Saturday, February 16, 2008

Magandang Umaga (Good Morning)!!!

We've only been here 3 days but are already adapting nicely. We arrived to an EMPTY apartment but fixed that ASAP. This will be our 4th time moving together in 1.5 years and we are beginning to think we're professionals. We purchased a bed, bedding, dish soap, towels, and bathroom organizer. And 2 days later – dishes, cookware, A FAN, dish drier (no dishwasher), a squeegee (no shower curtain and that's how you clean the tile here), signed up for jugs of purified water, cell phones (sorry local plan only), more bedding, a refrigerator, towel racks, groceries (someone here is always hungry - Andy), brooms and ant chalk (to keep out ants and cockroaches).

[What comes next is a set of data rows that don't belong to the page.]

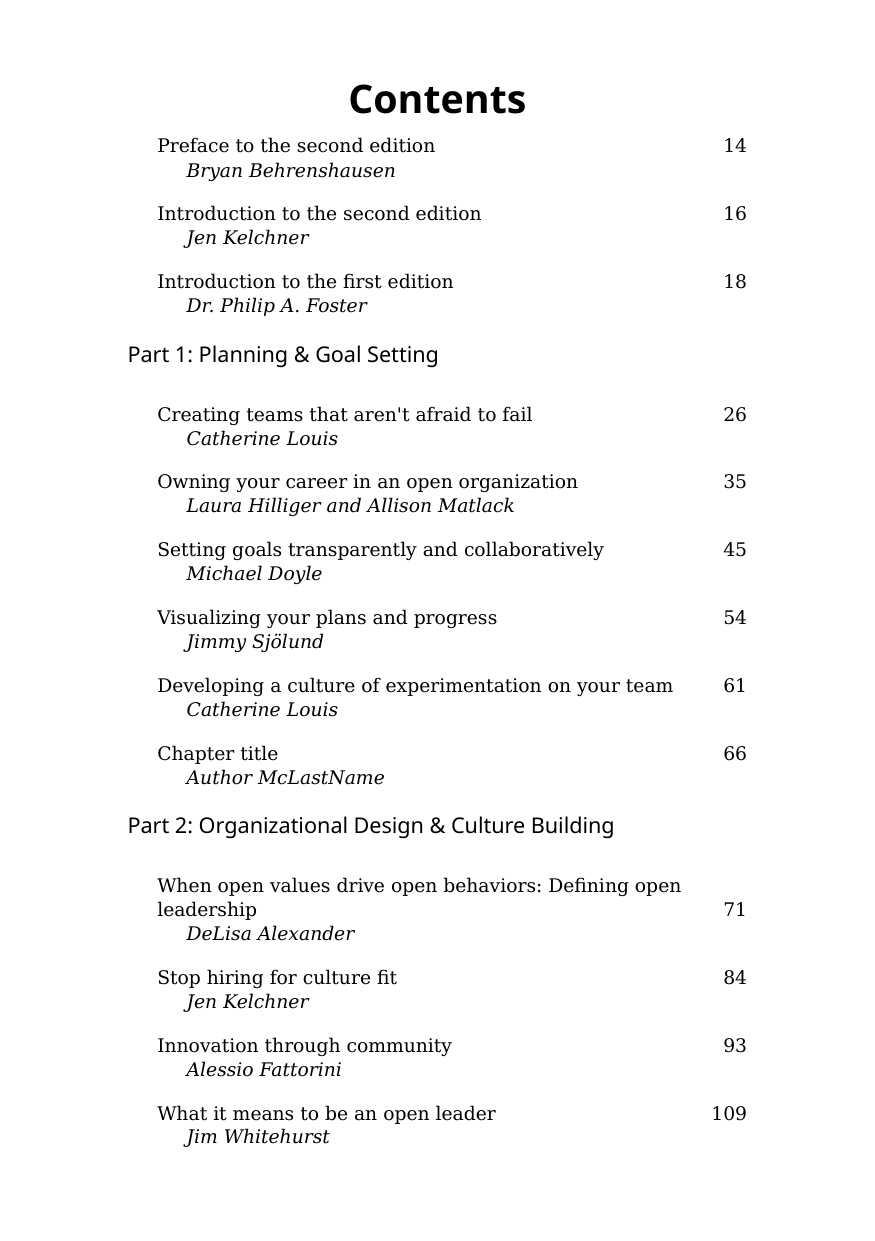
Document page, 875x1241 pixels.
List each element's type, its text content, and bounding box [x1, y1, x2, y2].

text Dr. Philip A. Foster [186, 295, 747, 339]
text Introduction to the first edition 18 [157, 271, 747, 293]
text Owning your career in an open organization 35 [157, 471, 747, 493]
text Catherine Louis [186, 699, 747, 743]
text Innovation through community 93 [157, 1035, 747, 1057]
text Part 2: Organizational Design & Culture Building [127, 810, 747, 872]
text Stop hiring for culture fit 84 [157, 967, 747, 989]
text Jimmy Sjölund [186, 631, 747, 675]
text DeLisa Alexander [186, 923, 747, 967]
text Part 1: Planning & Goal Setting [127, 339, 747, 401]
text Visualizing your plans and progress 54 [157, 607, 747, 629]
text What it means to be an open leader 109 [157, 1102, 747, 1124]
text Introduction to the second edition 16 [157, 203, 747, 225]
text Developing a culture of experimentation on your team 61 [157, 675, 747, 697]
text Laura Hilliger and Allison Matlack [186, 495, 747, 539]
text Setting goals transparently and collaboratively 45 [157, 539, 747, 561]
text Creating teams that aren't afraid to fail 26 [157, 403, 747, 425]
text Bryan Behrenshausen [186, 159, 747, 203]
text Jim Whitehurst [186, 1127, 747, 1170]
text Jen Kelchner [186, 227, 747, 271]
text Michael Doyle [186, 563, 747, 607]
text Alessio Fattorini [186, 1059, 747, 1102]
text Author McLastName [186, 767, 747, 810]
subtitle Contents [127, 77, 747, 123]
text Jen Kelchner [186, 991, 747, 1035]
text Preface to the second edition 14 [157, 136, 747, 157]
text Chapter title 66 [157, 743, 747, 764]
text Catherine Louis [186, 428, 747, 471]
text When open values drive open behaviors: Defining open leadership 71 [157, 875, 747, 921]

Our apartment is really nice and in a nice part of the city. It's about a block from the ministry office, so it's really convenient. It's also a quick 'trike' (a motorcycle with a little cab attached to the side that just fits both of us) ride away from a huge grocery store called the 'Cash and Carry.' It's right across the street from a karaoke bar. Our first night here was Fat Tuesday and it was wild. We were exhausted and we just got our bed delivered and were starting to lie down at about 10pm. We turned off the lights and said a collective 'ahhh' when across the street blasts the theme song from Top Gun. It's funny now, but it was miserable that night, they rocked out to all the classics until the wee hours of the morning…it's ok we're resourceful and moved our bed into our kitchen.

Last night we ventured to the Cash and Carry again. We love it as it reminds somewhat of home. First it's air-conditioned and has a few of our favorite! Frozen tortillas we a god send (however, we have nothing to heat them in yet), ice cream and chips and salsa (even Tostidos brand).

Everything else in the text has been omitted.